Despite recovery spending across sub-Saharan Africa being emergency-oriented, some of it is still green. Governments have continued to develop policies and plans that bring climate resilience and economic development together. The feasibility of implementation or scaling up pilot investments depends on the availability and terms of funding and finance. In addition, there are major gaps in terms of where ‘green’ resources are flowing: they are bypassing important network infrastructure, for example, and critical risk mitigating investments in ecological restoration and conservation. Nonetheless, important examples of green spending with ecological and economic benefits include:
- Building on existing work, the African Union has developed the African Union Green Recovery Action Plan.
- Several countries have also updated their Nationally Determined Contributions (NDCs) with ambitious climate mitigation and adaptation targets.
- Sustainable energy transitions also continue to attract renewable energy investment at utility and small scales.
- While problems endure, there are examples of conservation spending and green job creation in Kenya, and a National Environment and Climate Change Fund in Mauritius for coastal rehabilitation and environmental monitoring.
Rescue spending and green economy initiatives are essential, but insufficient to change the region’s developmental trajectory. Two pre-Covid barriers to more transformational strategies persist. First, unsustainable investments (e.g. new coal exploration) are still seen as economic opportunities without viable alternatives. Second, available international climate and green finance fall distressingly short of requirements and commitments.

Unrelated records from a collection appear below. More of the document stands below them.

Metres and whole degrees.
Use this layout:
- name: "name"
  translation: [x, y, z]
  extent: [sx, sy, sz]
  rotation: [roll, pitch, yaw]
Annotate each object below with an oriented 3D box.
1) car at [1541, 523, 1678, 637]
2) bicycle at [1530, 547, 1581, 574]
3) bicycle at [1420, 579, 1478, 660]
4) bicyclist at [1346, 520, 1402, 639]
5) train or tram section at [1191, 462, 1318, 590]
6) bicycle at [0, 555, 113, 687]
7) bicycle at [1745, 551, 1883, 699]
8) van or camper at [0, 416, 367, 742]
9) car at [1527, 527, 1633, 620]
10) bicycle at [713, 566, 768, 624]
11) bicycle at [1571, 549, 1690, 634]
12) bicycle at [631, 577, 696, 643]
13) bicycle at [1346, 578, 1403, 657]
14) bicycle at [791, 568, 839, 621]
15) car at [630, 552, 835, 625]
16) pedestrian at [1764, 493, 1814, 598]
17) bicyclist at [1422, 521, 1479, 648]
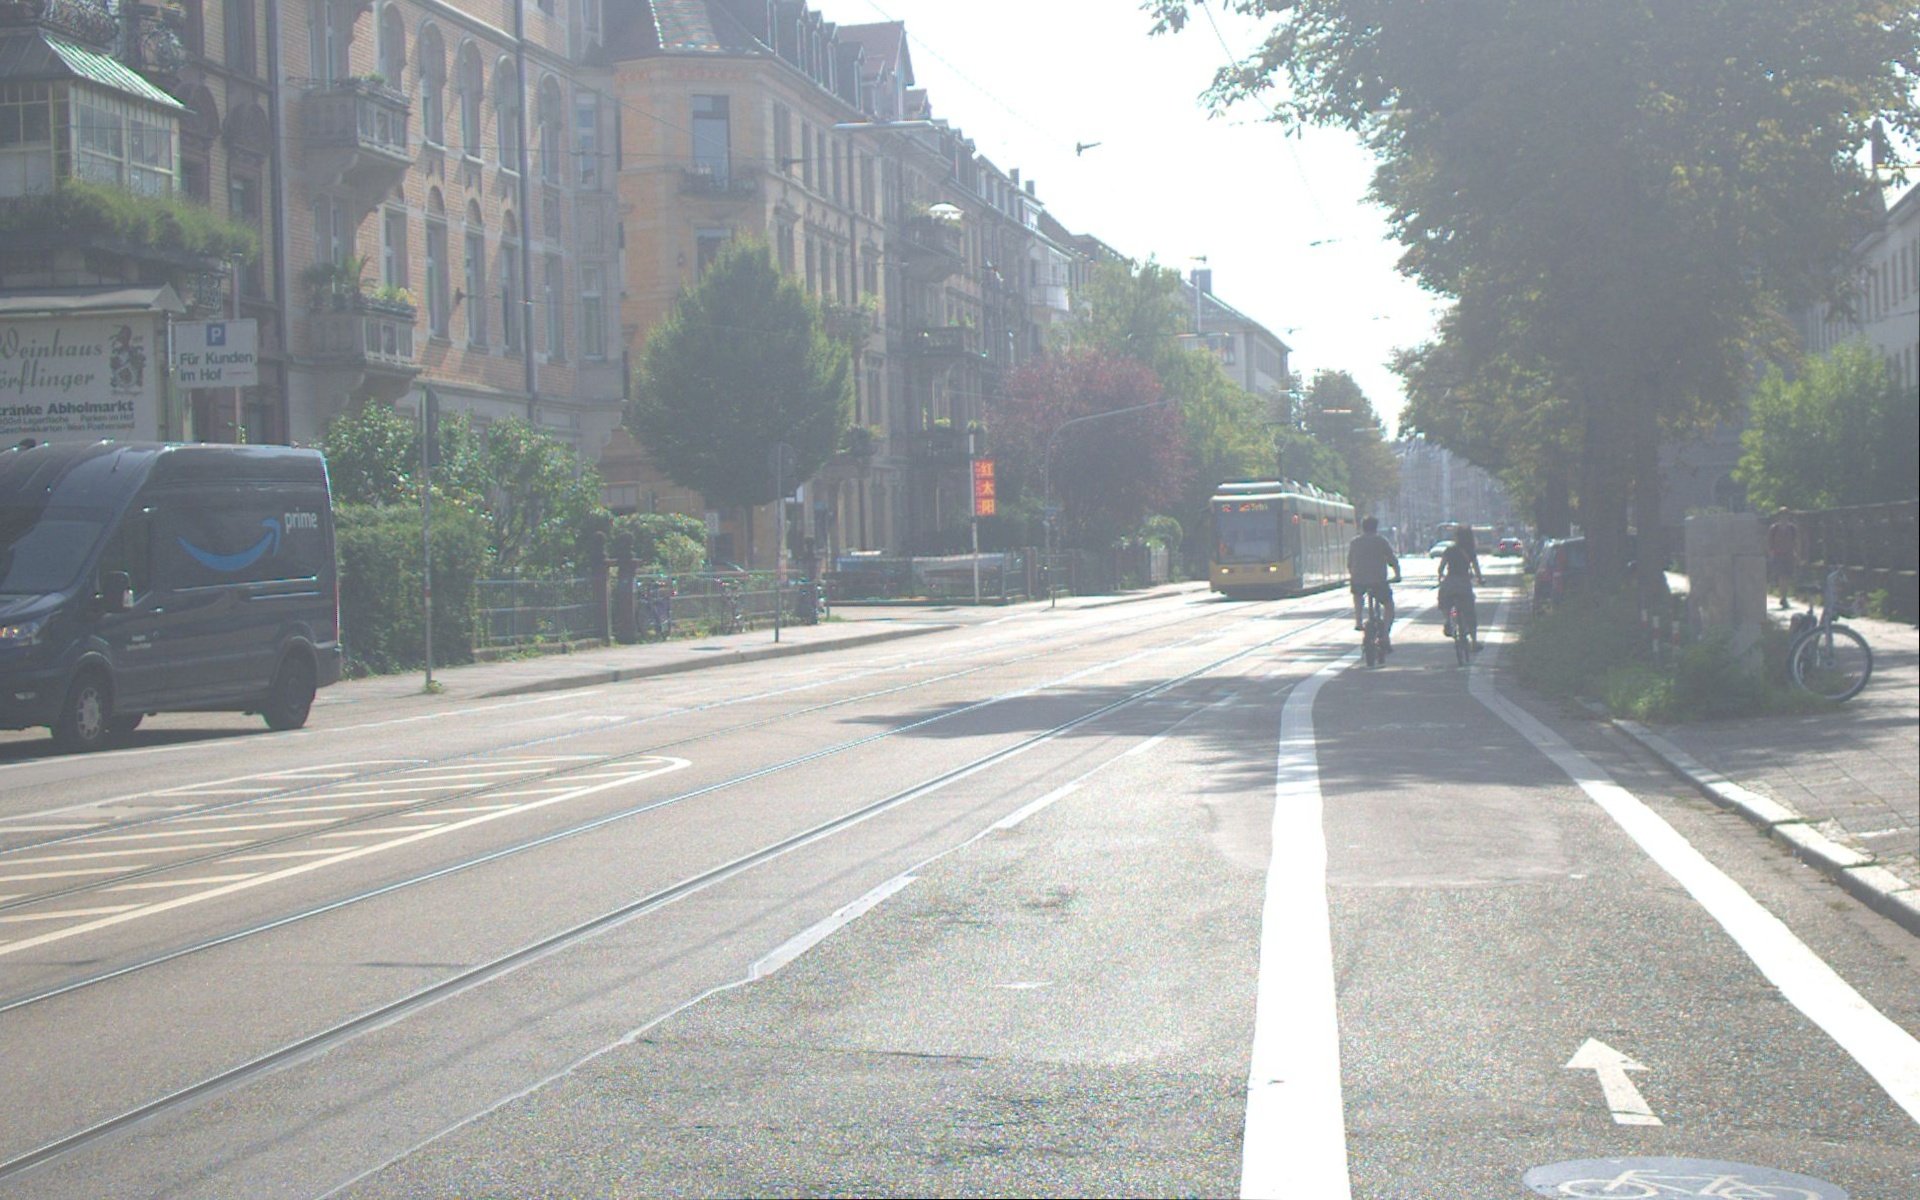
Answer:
- name: "car"
  translation: [9.713, -0.319, 51.234]
  extent: [1.646, 1.535, 3.839]
  rotation: [-3, 0, 15]
- name: "bicycle"
  translation: [25.900, -1.722, 149.447]
  extent: [2.107, 1.101, 0.563]
  rotation: [-2, 0, 3]
- name: "bicycle"
  translation: [5.767, 0.218, 40.486]
  extent: [0.654, 0.906, 1.774]
  rotation: [0, 1, 9]
- name: "bicyclist"
  translation: [4.917, -0.250, 40.809]
  extent: [0.626, 1.396, 0.929]
  rotation: [0, 1, 9]
- name: "train or tram section"
  translation: [8.995, -2.190, 103.396]
  extent: [2.735, 3.493, 15.428]
  rotation: [-1, 1, 9]
- name: "bicycle"
  translation: [-11.071, 0.232, 38.561]
  extent: [2.875, 1.450, 0.998]
  rotation: [-1, 1, 3]
- name: "bicycle"
  translation: [6.845, 0.177, 27.657]
  extent: [0.772, 1.100, 2.333]
  rotation: [-2, 1, 7]
- name: "van or camper"
  translation: [-7.688, -0.179, 31.066]
  extent: [2.052, 2.635, 6.085]
  rotation: [-2, 0, 16]
- name: "car"
  translation: [10.621, -0.467, 59.048]
  extent: [1.646, 1.443, 4.244]
  rotation: [-3, 0, 10]
- name: "bicycle"
  translation: [-4.125, -0.102, 64.678]
  extent: [0.545, 1.054, 1.839]
  rotation: [3, 1, 11]
- name: "bicycle"
  translation: [8.760, -0.113, 44.916]
  extent: [1.723, 1.069, 0.525]
  rotation: [-2, 1, -39]
- name: "bicycle"
  translation: [-5.066, 0.163, 58.824]
  extent: [0.607, 1.054, 1.839]
  rotation: [3, 1, 11]
- name: "bicycle"
  translation: [4.923, 0.201, 40.804]
  extent: [0.626, 0.906, 1.524]
  rotation: [0, 1, 9]
- name: "bicycle"
  translation: [-3.016, -0.129, 71.614]
  extent: [0.545, 1.054, 1.839]
  rotation: [3, 1, 11]
- name: "car"
  translation: [-4.967, -0.245, 75.451]
  extent: [4.138, 1.538, 2.064]
  rotation: [-1, 0, 9]
- name: "pedestrian"
  translation: [14.044, -0.925, 58.223]
  extent: [0.753, 1.743, 0.877]
  rotation: [-1, 1, 16]
- name: "bicyclist"
  translation: [5.775, -0.185, 40.464]
  extent: [0.654, 1.469, 0.908]
  rotation: [0, 1, 9]

Shifting the trajectory for sub-Saharan African development
The opportunity for sub-Saharan Africa’s green economic development is not a window that has opened and closed. Within the region’s complex socio-economic and ecological context, there are always mechanisms to shift and enhance development toward more sustainable outcomes. There is much to be done to connect rescue to recovery, and to a long-term sustainable transition. More equitable access to and uptake of vaccines is undoubtedly an urgent short to medium-term matter. However, decision-makers should address several important longer-term issues as the region's recovery is scaled up and greened. Among these factors, the following are critical:
Transparency in funding, finance and technical support to sub-Saharan African governments is critical for effective spending and to foster and support political and administrative accountability.

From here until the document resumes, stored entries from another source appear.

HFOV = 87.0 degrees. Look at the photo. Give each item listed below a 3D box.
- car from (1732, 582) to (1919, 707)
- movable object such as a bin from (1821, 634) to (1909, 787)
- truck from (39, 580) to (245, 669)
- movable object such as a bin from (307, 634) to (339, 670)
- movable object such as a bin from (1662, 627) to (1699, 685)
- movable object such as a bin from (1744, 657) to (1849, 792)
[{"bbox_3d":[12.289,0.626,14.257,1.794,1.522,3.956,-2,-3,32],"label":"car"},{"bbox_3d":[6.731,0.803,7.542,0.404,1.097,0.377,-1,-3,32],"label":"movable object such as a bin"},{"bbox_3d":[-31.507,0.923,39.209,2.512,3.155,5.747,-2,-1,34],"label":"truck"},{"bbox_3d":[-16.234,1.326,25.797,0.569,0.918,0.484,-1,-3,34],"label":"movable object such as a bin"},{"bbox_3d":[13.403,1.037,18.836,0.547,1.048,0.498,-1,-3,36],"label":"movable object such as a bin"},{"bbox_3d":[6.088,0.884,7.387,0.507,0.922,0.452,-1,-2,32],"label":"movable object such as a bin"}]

- Existing green investment flows, such as renewable energy, should focus more intently on localisation, job creation and poverty alleviation.
- The informal economy should be integrated into recovery plans.
- Investment gaps such as those in biodiversity conservation should be linked to risk management in policy and investment decisions.
- Covid-19 development assistance should be institutionalised and connected to long-term planning.
The monitoring and evaluation of projects should be development in its orientation, driving learning, adaptation, and, ultimately, impact.
Sub-Saharan Africa must not aim to bounce back to the unsustainable forms of development it pursued before the pandemic. A new trajectory requires a new development deal for the region. This deal needs to be green, yes. But it also needs to be transparent, fair, and realistic to tackle the scale and depth of endemic development challenges.